# [ASSIGNMENT]
Write out every line below that contains "Emotional".

# [DATA RECORDS]
☆ ☆ ☆
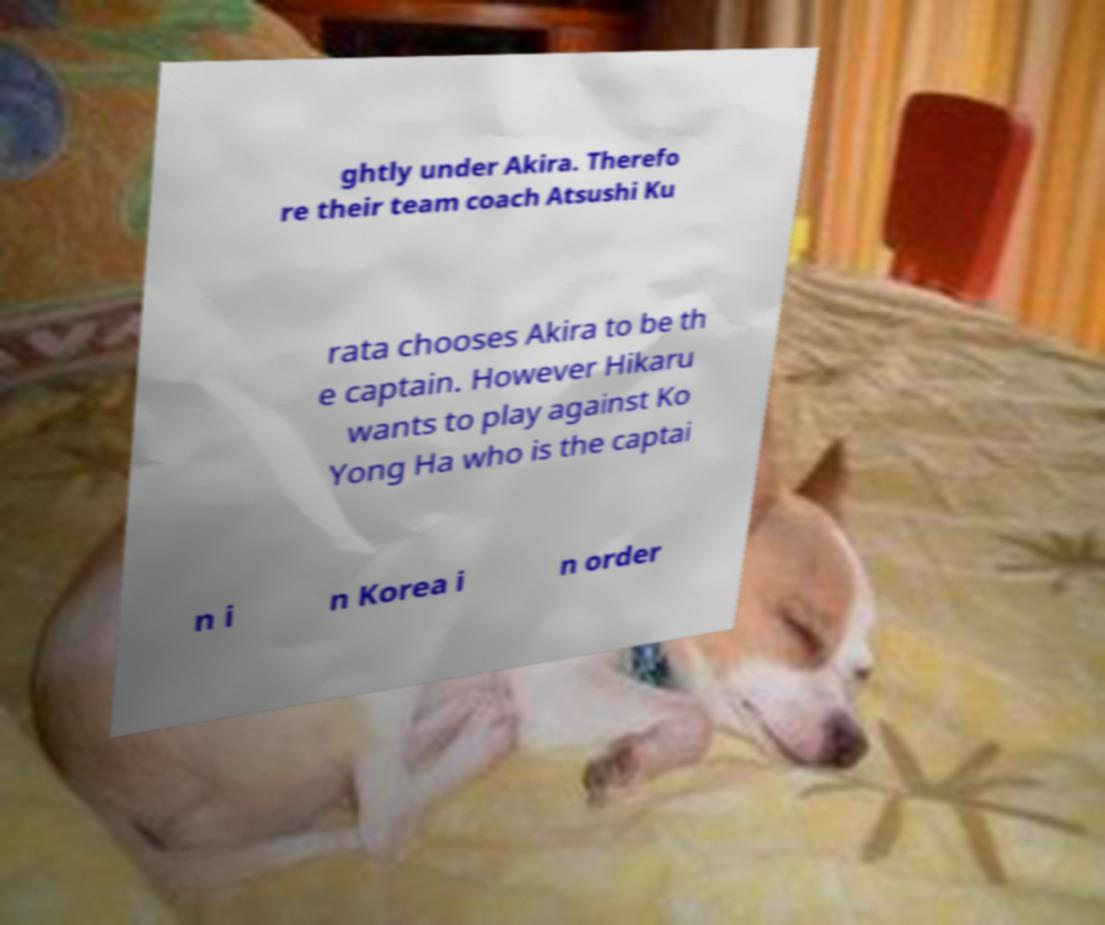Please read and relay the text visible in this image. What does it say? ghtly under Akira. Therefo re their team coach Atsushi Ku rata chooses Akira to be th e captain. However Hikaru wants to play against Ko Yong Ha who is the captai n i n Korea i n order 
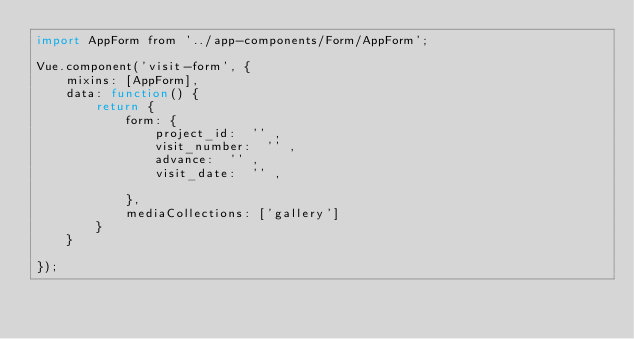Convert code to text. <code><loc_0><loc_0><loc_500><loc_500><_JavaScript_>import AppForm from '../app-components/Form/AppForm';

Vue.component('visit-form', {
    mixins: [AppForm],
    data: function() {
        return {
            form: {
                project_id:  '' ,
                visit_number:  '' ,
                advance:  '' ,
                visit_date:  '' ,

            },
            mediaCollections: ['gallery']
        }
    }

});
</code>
☆ ☆ ☆
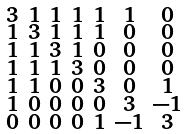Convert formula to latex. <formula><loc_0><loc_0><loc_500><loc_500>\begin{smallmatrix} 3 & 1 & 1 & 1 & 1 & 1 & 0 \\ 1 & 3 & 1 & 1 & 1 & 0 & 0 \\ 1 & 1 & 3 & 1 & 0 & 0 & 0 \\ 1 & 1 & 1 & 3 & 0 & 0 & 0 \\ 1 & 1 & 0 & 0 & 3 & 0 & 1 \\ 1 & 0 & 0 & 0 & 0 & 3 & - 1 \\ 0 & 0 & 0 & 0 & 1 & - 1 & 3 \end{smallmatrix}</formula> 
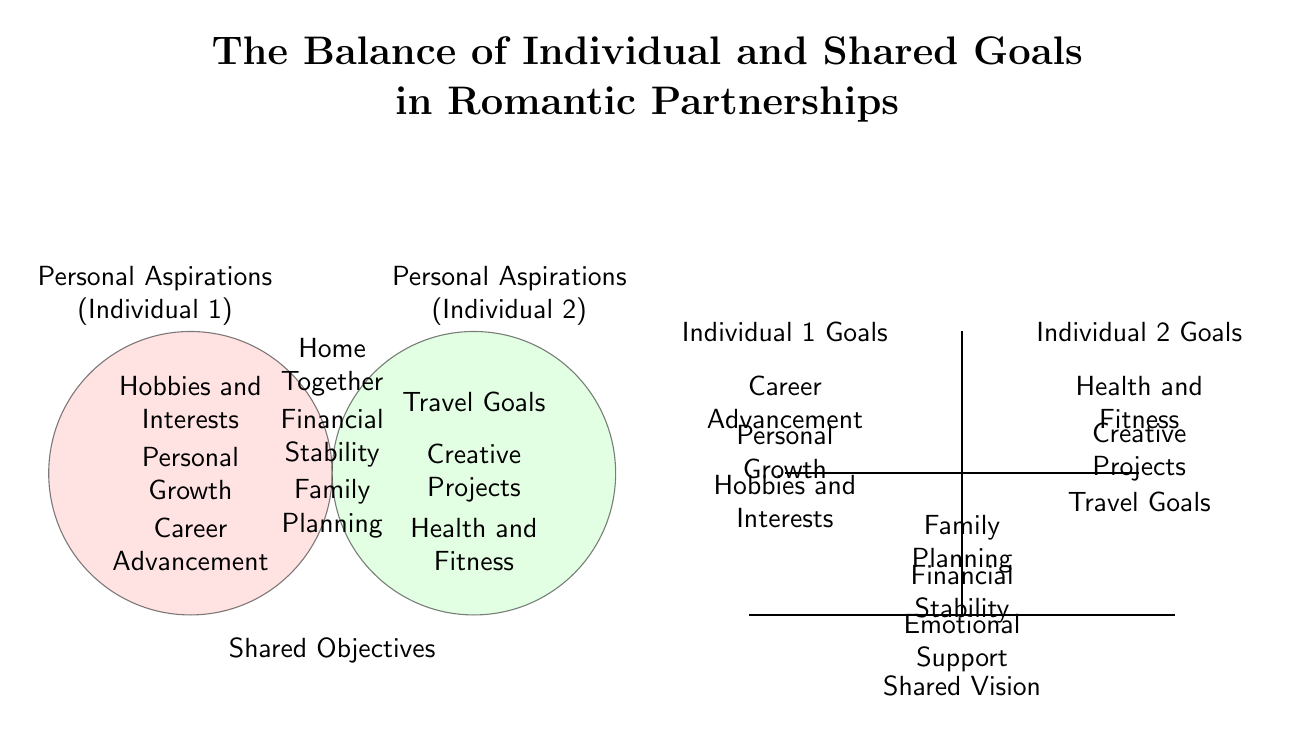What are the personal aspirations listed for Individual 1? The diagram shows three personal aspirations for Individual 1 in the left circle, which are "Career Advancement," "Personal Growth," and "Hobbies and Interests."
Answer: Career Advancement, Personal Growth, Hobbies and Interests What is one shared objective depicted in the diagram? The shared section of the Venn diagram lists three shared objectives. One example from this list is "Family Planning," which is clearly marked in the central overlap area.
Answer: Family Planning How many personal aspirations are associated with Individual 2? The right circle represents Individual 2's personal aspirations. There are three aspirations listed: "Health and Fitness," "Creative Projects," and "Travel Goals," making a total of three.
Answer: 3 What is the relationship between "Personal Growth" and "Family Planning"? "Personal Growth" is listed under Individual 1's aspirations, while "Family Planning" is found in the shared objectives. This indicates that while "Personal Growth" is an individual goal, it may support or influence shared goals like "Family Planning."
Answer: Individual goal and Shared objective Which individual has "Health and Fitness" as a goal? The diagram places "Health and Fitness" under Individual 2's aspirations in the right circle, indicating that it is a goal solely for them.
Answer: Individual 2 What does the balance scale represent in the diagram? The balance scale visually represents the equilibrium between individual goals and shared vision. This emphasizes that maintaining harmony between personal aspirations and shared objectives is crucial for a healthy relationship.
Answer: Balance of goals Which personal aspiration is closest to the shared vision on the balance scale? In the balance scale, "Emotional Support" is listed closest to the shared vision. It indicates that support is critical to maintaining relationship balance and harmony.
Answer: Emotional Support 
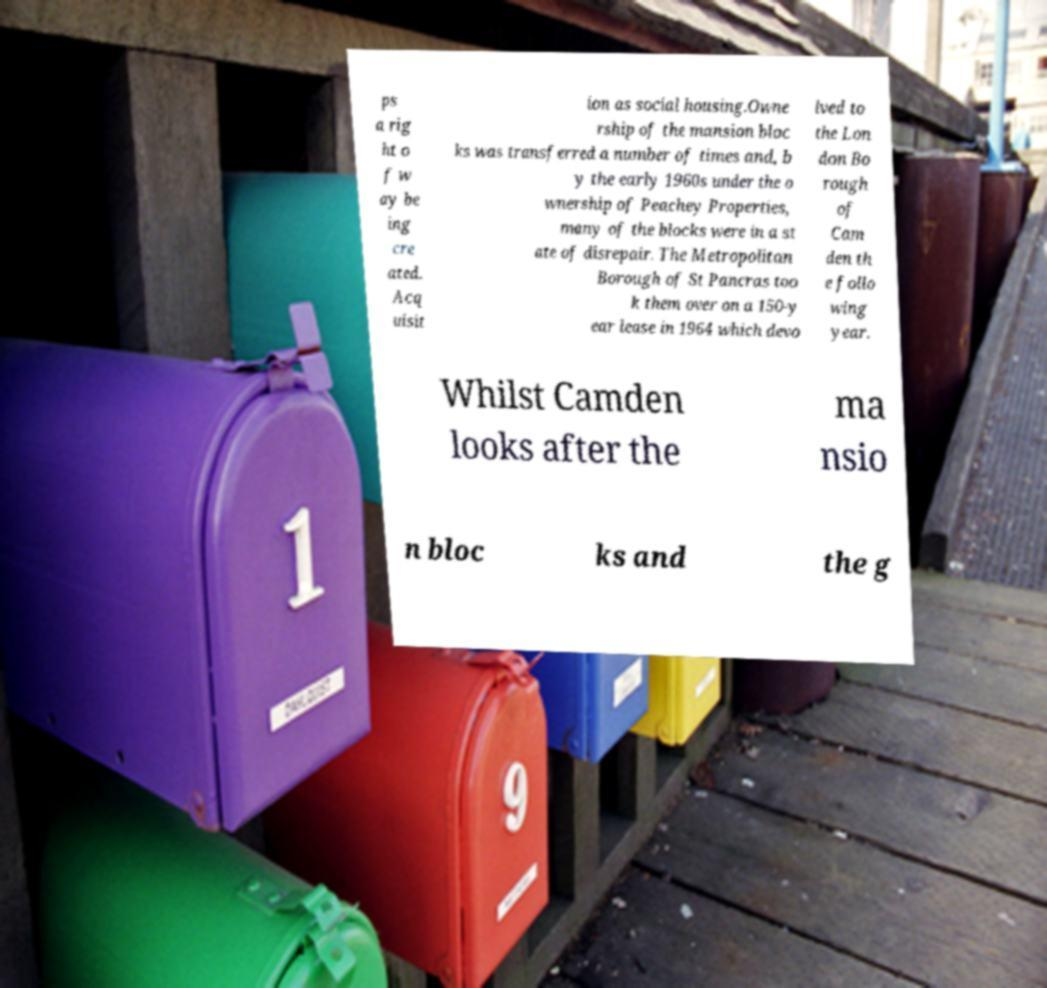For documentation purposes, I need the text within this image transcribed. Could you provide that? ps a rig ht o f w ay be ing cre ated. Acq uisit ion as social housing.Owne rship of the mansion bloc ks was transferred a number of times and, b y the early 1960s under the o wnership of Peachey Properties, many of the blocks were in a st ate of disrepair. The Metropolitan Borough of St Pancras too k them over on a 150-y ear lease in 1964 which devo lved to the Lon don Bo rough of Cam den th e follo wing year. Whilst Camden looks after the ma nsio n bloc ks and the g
☆ ☆ ☆
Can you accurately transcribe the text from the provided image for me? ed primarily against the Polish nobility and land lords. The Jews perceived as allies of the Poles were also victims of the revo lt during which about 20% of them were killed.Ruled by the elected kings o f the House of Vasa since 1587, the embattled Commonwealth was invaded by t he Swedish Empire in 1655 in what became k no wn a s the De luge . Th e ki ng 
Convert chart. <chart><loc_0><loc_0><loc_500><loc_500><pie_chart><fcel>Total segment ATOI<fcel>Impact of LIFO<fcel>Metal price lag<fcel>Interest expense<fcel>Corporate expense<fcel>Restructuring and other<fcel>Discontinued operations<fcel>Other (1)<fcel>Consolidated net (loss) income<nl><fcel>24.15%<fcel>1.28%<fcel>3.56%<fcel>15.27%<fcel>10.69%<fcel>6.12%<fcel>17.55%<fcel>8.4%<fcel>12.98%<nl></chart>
☆ ☆ ☆
# [ANSWER SECTION]
Answer: Balance of goals Which personal aspiration is closest to the shared vision on the balance scale? In the balance scale, "Emotional Support" is listed closest to the shared vision. It indicates that support is critical to maintaining relationship balance and harmony.
Answer: Emotional Support 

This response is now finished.